# siena 05 question



## d.ten (Jul 21, 2009)

Hi folk,

first post so be kind!

Ive been offered a mint 05 siena from a friend for a great price. I was wondering if anyone could lt me know if there were any problems with the carbon rear end on these models. Ive also been told that Litespeed can replace the carbon rear with a ti rear if needed, is this the case? (ive emailed litespeed some time ago but have yet to get a reply).

Always wanted a litespeed and would like to get as much info on the 05 siena as possible before parting with my ££££ or should i say $$$$

cheers


----------



## msosbo (Aug 19, 2008)

I have an 05 Saber with similar stays and no issues. I am 5'10", 210 lbs and I push the frame as hard as I can. I have heard from somebody on this forum about an issue with the junction between the Ti and carbon. I will be watching this thread to hear any feedback in regards to this issue.


----------



## geomoney (Oct 9, 2005)

I have an 04? Siena in a Medium/Large, original owner. It's one of 2 bikes I now own. I weighed around 195 pounds when I originally bought it, I'm "down" to about 180 now. Have ridden the bike regularly over the years, I put an average of 60-75 miles a week on it. I would have to say that it has absolutely no less than 7500 miles on it. The computer I had on it broke around 3 years ago, and I just never replaced it. I'm not even adding in the time I put on it over the winter on a trainer. I've had absolutely no problems whatsoever, and would recommend it to anyone looking at this frame. 

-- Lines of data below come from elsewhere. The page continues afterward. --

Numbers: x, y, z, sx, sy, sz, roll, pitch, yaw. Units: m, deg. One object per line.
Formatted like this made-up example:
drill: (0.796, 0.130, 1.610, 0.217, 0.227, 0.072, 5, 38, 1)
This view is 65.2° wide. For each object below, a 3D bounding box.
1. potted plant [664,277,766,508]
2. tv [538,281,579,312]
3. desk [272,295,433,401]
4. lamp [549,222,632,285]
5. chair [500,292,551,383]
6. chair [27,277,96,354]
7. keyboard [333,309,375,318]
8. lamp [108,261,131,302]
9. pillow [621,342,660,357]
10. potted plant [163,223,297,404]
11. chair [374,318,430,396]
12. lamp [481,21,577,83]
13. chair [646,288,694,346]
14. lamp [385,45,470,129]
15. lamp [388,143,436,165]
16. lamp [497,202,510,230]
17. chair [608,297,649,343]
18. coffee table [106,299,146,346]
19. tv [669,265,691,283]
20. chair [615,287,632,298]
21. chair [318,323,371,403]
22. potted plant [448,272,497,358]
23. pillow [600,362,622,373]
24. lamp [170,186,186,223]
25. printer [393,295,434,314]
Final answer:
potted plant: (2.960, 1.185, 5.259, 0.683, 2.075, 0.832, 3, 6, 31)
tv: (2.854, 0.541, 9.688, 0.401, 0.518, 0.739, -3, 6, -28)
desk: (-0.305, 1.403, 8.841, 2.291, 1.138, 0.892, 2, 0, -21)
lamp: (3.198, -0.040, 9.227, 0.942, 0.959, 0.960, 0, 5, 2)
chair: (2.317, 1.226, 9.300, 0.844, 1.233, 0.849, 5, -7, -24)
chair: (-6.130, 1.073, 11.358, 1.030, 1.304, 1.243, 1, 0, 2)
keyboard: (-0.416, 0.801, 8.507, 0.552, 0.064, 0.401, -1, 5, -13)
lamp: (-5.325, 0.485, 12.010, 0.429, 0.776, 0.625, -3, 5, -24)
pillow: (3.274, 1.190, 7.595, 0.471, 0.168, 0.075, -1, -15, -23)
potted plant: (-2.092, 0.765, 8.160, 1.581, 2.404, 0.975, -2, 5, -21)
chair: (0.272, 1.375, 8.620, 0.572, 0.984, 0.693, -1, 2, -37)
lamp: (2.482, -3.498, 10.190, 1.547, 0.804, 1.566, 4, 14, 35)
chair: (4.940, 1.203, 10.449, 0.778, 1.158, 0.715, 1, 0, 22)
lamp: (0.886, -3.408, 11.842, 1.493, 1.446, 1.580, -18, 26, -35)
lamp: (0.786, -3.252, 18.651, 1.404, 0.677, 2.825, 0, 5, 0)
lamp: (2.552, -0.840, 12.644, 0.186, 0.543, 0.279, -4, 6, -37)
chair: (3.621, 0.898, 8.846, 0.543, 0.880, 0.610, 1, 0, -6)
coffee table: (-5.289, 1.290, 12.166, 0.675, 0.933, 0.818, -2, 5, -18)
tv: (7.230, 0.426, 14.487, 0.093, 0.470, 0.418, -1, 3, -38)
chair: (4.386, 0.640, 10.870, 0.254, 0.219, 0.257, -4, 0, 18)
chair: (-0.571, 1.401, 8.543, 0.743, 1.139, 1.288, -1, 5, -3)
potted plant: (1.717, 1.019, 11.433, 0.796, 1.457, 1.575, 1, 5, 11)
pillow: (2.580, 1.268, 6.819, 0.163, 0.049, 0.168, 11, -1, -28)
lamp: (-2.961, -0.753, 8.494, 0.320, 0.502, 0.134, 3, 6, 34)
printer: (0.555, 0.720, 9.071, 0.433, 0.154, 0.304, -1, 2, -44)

I've actually been tossing around the idea to replace it, but I can't justify my reason for wanting to replace it.


----------



## d.ten (Jul 21, 2009)

thanks, i went for it and am waiting for delivery..will put up a pic when i figure out how to do this!!

cheers


----------



## groundzero (Oct 25, 2004)

I have an 04 and have never had a problem with the rear carbon stays. They do stiffen up the ride vs a full Ti setup though.


----------



## geomoney (Oct 9, 2005)

Uh, what do you have in the background there?


----------



## groundzero (Oct 25, 2004)

some tools and a can of Pledge that I use to clean and shine my bikes.


----------



## geomoney (Oct 9, 2005)

There must be something wrong with my computer. On my screen I see a Pinarello. For a second I thought that someone had snuck into my basement and taken a picture of my 2bikes. Then I realized that I don't have a can of Pledge in my house..........


----------



## HigherGround (Mar 3, 2005)

geomoney said:


> There must be something wrong with my computer. On my screen I see a Pinarello. For a second I thought that someone had snuck into my basement and taken a picture of my 2bikes. Then I realized that I don't have a can of Pledge in my house..........


 Nice - your priorities are in the right place!


----------



## groundzero (Oct 25, 2004)

oh yeah... you are correct it is a Pinarello!


----------